In [1]:
import os
os.chdir("../") # resets notebook directory to repository root folder (DO ONLY ONCE!)
import polars as pl
import pandas as pd
import pyarrow.parquet as pypq
import textwrap
from pathlib import Path
import time

from tqdm.auto import tqdm
tqdm.pandas()

In [7]:
import sys
# Add utils directory in the list of directories to look for packages to import
sys.path.insert(0, os.path.join(os.getcwd(),'utils'))
from read_parquet import *

Using PyArrow strings!


In [2]:
works_by_topic_parquet_folder = "data/works_by_topic_parquet/"
works2references_by_topic_parquet_folder = "data/works2references_by_topic_parquet/"
os.makedirs(works2references_by_topic_parquet_folder, exist_ok=True)

In [3]:
topics = [topic[:-8] for topic in os.listdir(works_by_topic_parquet_folder)]

In [4]:
len(topics)

4516

In [8]:
all_works2primary_topic_df = read_parquet("data/all_works2primary_topic_parquet/all_works2primary_topic.parquet")


Reading 'all_works2primary_topic' from 'data/all_works2primary_topic_parquet/all_works2primary_topic.parquet' using engine='pyarrow'
Read 306,133,392 rows from 'all_works2primary_topic' in 33.00 sec.
Converting dtypes took 0.04 sec.

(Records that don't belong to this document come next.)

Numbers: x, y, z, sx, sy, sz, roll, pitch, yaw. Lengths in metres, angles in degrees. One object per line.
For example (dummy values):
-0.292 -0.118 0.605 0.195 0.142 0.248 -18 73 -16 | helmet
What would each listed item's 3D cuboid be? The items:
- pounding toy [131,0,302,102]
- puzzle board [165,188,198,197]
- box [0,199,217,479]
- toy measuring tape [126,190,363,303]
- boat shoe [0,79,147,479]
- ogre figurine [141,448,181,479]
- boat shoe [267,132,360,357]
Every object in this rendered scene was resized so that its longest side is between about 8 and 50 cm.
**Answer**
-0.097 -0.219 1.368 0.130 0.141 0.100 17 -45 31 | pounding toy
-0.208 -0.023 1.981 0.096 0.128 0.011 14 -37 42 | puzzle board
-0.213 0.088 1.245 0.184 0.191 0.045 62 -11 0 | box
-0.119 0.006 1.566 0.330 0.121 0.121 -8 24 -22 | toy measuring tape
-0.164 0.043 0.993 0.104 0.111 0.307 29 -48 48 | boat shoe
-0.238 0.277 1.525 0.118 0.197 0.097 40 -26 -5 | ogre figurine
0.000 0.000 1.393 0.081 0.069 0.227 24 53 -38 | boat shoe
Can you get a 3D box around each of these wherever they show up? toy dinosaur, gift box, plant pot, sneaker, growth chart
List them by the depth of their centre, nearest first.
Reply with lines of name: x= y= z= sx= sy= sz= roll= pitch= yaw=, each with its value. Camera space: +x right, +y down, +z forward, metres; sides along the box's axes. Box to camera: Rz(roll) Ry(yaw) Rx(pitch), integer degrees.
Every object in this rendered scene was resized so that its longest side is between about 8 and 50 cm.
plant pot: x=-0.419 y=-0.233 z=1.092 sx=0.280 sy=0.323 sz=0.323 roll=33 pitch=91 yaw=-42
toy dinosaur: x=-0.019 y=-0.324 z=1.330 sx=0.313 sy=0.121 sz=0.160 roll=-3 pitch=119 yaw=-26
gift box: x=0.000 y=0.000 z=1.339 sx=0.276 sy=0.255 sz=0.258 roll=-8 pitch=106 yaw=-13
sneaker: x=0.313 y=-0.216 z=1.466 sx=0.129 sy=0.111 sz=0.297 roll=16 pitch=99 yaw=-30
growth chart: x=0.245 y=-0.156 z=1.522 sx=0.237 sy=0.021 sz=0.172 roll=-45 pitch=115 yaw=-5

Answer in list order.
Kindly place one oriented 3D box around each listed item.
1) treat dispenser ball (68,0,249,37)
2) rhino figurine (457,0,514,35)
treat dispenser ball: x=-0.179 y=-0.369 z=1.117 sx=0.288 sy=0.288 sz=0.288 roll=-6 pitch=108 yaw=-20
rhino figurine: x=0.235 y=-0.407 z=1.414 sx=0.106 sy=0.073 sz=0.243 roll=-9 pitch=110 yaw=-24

Size before: 14.52GB, after: 14.52GB


Unnamed: 0,id,date,primary_topic
0,W7126435799,2026-02-01,T14064
1,W7126372280,2026-02-01,T14064
2,W7126447841,2026-01-31,T14064


In [9]:
all_works2primary_topic_df.rename(
    columns={"id": "referenced_work_id", "date": "referenced_publication_date", "primary_topic": "referenced_primary_topic"},
    inplace = True
)

In [16]:
def generate_reference_expansion(origin_works_parquet_file_path, all_works2primary_topic_df):
    works_df = read_parquet(origin_works_parquet_file_path, columns = ["id", "date", "references", "primary_topic"], quiet = True)
    
    # Step 1: Explode references are exploded into rows
    works_df = works_df[works_df["references"].apply(lambda x : len(x) > 0)]
    works_df["references"] = works_df["references"].apply(lambda x : x.split(";"))
    works_df = works_df.explode("references").rename(columns={"id": "work_id", "references": "referenced_work_id"})

    # Step 2: Join with metadata of the referenced works
    works_df = works_df.merge(all_works2primary_topic_df, on="referenced_work_id", how="inner")

    # Step 3: Select and reorder the final columns
    works_df = works_df[[
        "work_id", "date", "primary_topic",
        "referenced_work_id", "referenced_publication_date", "referenced_primary_topic"
    ]].rename(columns={"date": "publication_date"})

    return works_df
    
def create_works2references_df(origin_works_parquet_file_path, destination_topic_parquet_file_path, all_works2primary_topic_df, compression='brotli', do_peek = True, do_print = True):
    works2references_df = generate_reference_expansion(origin_works_parquet_file_path, all_works2primary_topic_df)
    works2references_df.to_parquet(destination_topic_parquet_file_path, compression=compression)
    if do_print:
        print(f"Successfully generated {destination_topic_parquet_file_path} using {origin_works_parquet_file_path}.")
    if do_peek:
        if do_print:
            print("Here's a peek.")
        peek_parquet(destination_topic_parquet_file_path)

In [15]:
for topic in tqdm(topics):
    origin_works_parquet_file_path = works_by_topic_parquet_folder+topic+".parquet"
    destination_topic_parquet_file_path = works2references_by_topic_parquet_folder+topic+".parquet"
    create_works2references_df(origin_works_parquet_file_path, destination_topic_parquet_file_path, all_works2primary_topic_df, do_peek = False, do_print = False)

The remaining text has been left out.